» **WHAT THE TASK REQUIRES**:
Transcribe exactly the line in which "1. person [725,322,743,372]" occurs, plus every line that comes after it up to the end of the entries.

Dataset records
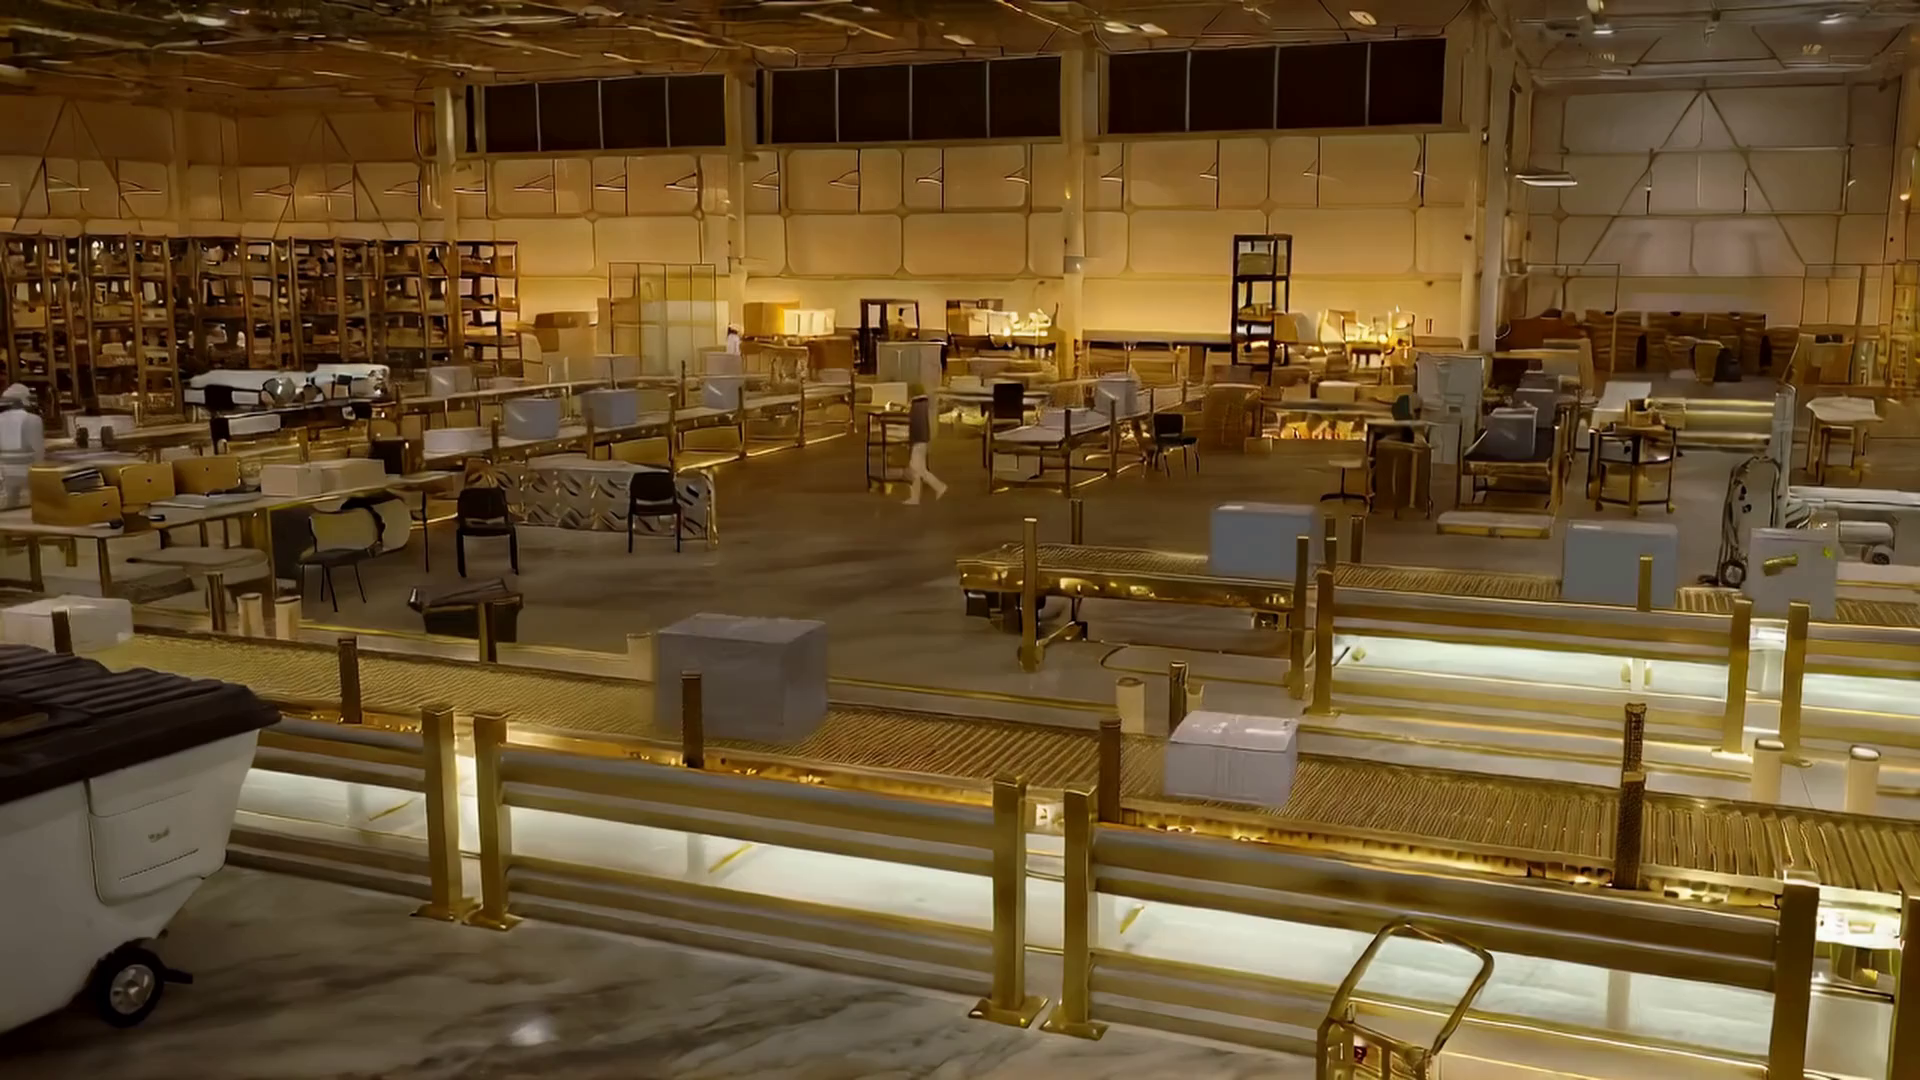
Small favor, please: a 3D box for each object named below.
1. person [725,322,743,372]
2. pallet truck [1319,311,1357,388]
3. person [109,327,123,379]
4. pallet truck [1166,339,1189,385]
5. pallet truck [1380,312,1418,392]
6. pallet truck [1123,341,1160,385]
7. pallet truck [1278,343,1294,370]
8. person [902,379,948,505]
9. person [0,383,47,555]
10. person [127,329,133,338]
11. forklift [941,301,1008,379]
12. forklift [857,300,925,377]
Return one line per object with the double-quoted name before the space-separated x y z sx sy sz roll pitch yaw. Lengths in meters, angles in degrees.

» **ANSWER SPACE**:
1. person [725,322,743,372]
2. pallet truck [1319,311,1357,388]
3. person [109,327,123,379]
4. pallet truck [1166,339,1189,385]
5. pallet truck [1380,312,1418,392]
6. pallet truck [1123,341,1160,385]
7. pallet truck [1278,343,1294,370]
8. person [902,379,948,505]
9. person [0,383,47,555]
10. person [127,329,133,338]
11. forklift [941,301,1008,379]
12. forklift [857,300,925,377]
Return one line per object with the double-quoted name before the space-separated x y z sx sy sz roll pitch yaw. Lengths in meters, angles in degrees.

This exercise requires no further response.